Dataset records:

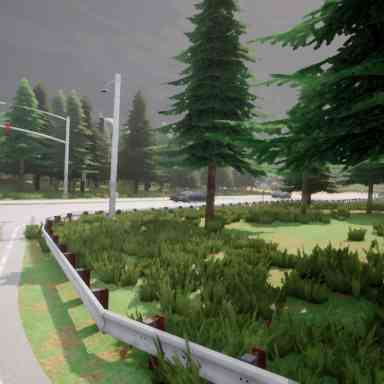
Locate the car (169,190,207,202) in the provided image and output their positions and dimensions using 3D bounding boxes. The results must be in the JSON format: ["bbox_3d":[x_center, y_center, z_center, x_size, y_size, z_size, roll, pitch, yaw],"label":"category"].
[{"bbox_3d":[-0.206,0.541,37.956,2.033,1.411,5.357,5,3,39],"label":"car"}]

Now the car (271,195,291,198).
[{"bbox_3d":[15.778,0.508,58.414,2.033,1.411,5.357,5,3,37],"label":"car"}]
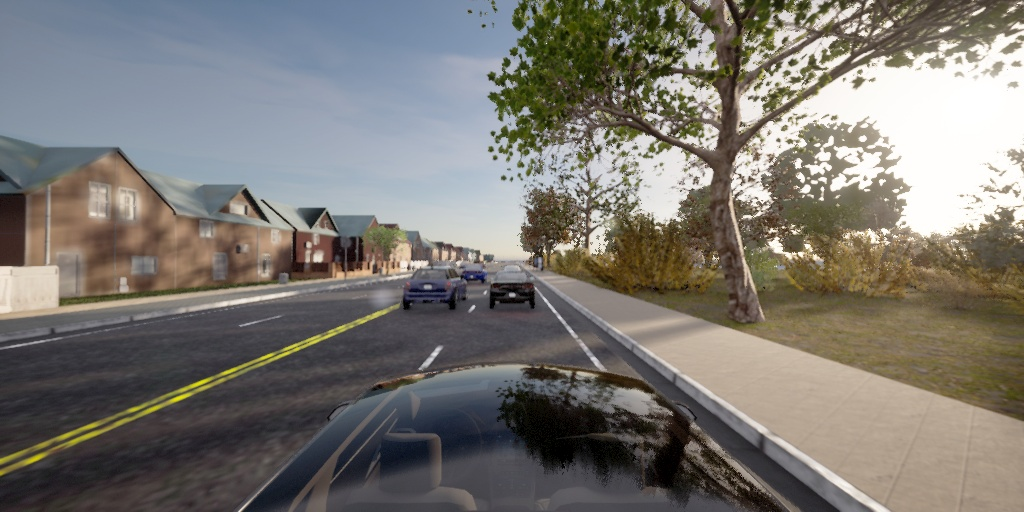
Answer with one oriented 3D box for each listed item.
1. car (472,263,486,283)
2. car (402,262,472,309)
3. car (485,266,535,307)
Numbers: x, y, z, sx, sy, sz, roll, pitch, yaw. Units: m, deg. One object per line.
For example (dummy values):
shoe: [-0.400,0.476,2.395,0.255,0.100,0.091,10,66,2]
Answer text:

What needs to be done: Give every record again word for word, pictures excluded.

Expected answer:
Locate the car (169,190,207,202) in the provided image and output their positions and dimensions using 3D bounding boxes. The results must be in the JSON format: ["bbox_3d":[x_center, y_center, z_center, x_size, y_size, z_size, roll, pitch, yaw],"label":"category"].
[{"bbox_3d":[-0.206,0.541,37.956,2.033,1.411,5.357,5,3,39],"label":"car"}]

Now the car (271,195,291,198).
[{"bbox_3d":[15.778,0.508,58.414,2.033,1.411,5.357,5,3,37],"label":"car"}]
Answer with one oriented 3D box for each listed item.
1. car (472,263,486,283)
2. car (402,262,472,309)
3. car (485,266,535,307)
Numbers: x, y, z, sx, sy, sz, roll, pitch, yaw. Units: m, deg. One object per line.
For example (dummy values):
shoe: [-0.400,0.476,2.395,0.255,0.100,0.091,10,66,2]
Answer text:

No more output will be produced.